I met the most beautiful black cockapoo at the beach yesterday (sadly didn't have my camera...) He was 4 years old, a rescue originally from Essex. Had apparently been through 5 homes before the lady got him last year - she said the reason that he had been given up was because he was destructive in the house, but she said she reckons that he just wasn't being exercised or given time to use his brain enoughtm because she hasn't had any problems with him - that said she was retired and obviusly enjoyed walking!
He was a beautiful tall leggy chap who reminded me very much of lovely leggy Lola, no curls, but whispy top to his head, hairy ears and lovely furnishings on his legs and tails. I'd have taken him home onthe spot if the lady had said she didn't want him!!
I think that Honey looks gorgeous - I love the variation in coat types!


----------



## jaspersdad (Aug 15, 2012)

Thanks everyone thats good to know its not a problem i was just wondering.


----------



## Smallears (Oct 28, 2012)

I always say to my friend who also has a cockapoo that I'm not sure about muttley being a proper cockapoo but as he grows his coat is changing slightly but have now idea what it's going to be like when his adult coat comes thru. Does anyone think he needs a cut??


----------



## Jedicrazy (Apr 26, 2011)

mairi1 said:


> Ah Roo is looking gorgeous... I think you're gonna have another thick coat there Clare??!!
> 
> Just as well you're an expert in the grooming dept  ... We need some Obi pics please
> 
> xxx


lol Mairi, i wouldn't call myself a grooming expert! Sadly, I had my first grooming disaster with Obi last week. I cut him the shortest I've ever gone and I absolutely hate it. It's just not him. Fortunately with this weather I can cover it up with an Equafleece and on practical note it is so much easier and no tangles. I will however be letting it grow again .


----------



## RuthMill (Jun 30, 2012)

Mutley is gorgeous! Keep it long if you can manage it!


----------



## DB1 (Jan 20, 2012)

Smallears said:


> I always say to my friend who also has a cockapoo that I'm not sure about muttley being a proper cockapoo but as he grows his coat is changing slightly but have now idea what it's going to be like when his adult coat comes thru. Does anyone think he needs a cut??
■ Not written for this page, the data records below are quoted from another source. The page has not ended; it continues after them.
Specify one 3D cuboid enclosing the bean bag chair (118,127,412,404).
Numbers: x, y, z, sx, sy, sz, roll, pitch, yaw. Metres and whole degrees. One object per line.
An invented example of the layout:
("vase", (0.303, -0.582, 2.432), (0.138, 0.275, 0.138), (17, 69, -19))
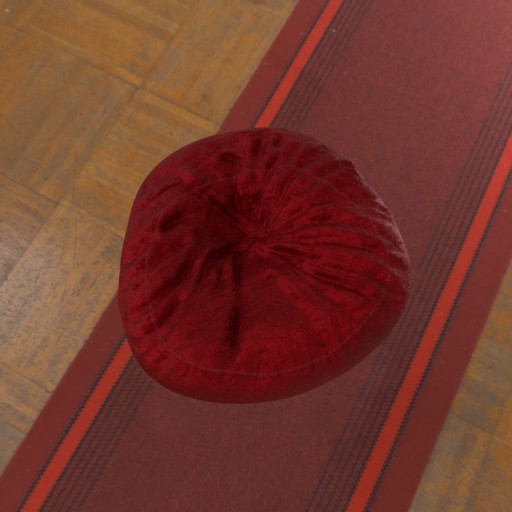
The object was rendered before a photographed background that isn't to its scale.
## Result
("bean bag chair", (0.000, 0.000, 2.460), (1.524, 0.878, 1.524), (-17, 76, -4))

Muttley's coat is gorgeous and looks exactly the same as my Dudley's was - his is getting thicker and a bit more curl by the day, I've managed to keep his coat long so far, just trim around eyes and feet - but boy does he take a long time to dry after a wet walk!


----------



## Janev1000 (Oct 4, 2011)

Mutley's coat looks fab and my favourite type of coat - thick and wavy. I'm sure he'll develop curl when he's older but I love wavy and it's very attractive when left long. It's the perfect mix of both the cocker and the poo! x


----------



## sugerlump (Oct 6, 2012)

i had ginger gromed , and i think i like her better long ,but it is so muich easer to keep clean and mat free ....Lumpy


----------



## dmgalley (Aug 19, 2012)

Jake needs a trim. He does not matt (yet) but it takes longer and longer to comb out and he is not a fan. He is also getting snipped on 12/14 and they will shave his leg and belly. I figure I might as well give it up now.


----------



## Marzi (Sep 17, 2012)

Jake is such a sweet boy - if you clip him how white will he end up? Isn't it just the tips of the hairs in his coat that are brown/black?


----------



## RuthMill (Jun 30, 2012)

Lovely cuddly jake.


----------



## mairi1 (Mar 12, 2012)

dmgalley said:


> Jake needs a trim. He does not matt (yet) but it takes longer and longer to comb out and he is not a fan. He is also getting snipped on 12/14 and they will shave his leg and belly. I figure I might as well give it up now.


Oh the lovely Jake .
He looks quite big in the photo... getting a little concerned that the Equafleece won't fit him??!!! 
No sign of it yet Donna? 
xxx


----------



## dmgalley (Aug 19, 2012)

The black will go and the brown will stay. Makes me sad. 
Not yet mairi he is growing like a weed.


----------



## Debbie & Crunchie (Oct 16, 2012)

Crunchie was very much like Honey  by the way she is beautiful. I took her for a good cut about 6 weeks ago and the lady took all her puppy wispy puppy fluff off and now she is a mixture of wavy and curly, so I am guessing as I get more of her puppy fluff cut off the curlier she will get


----------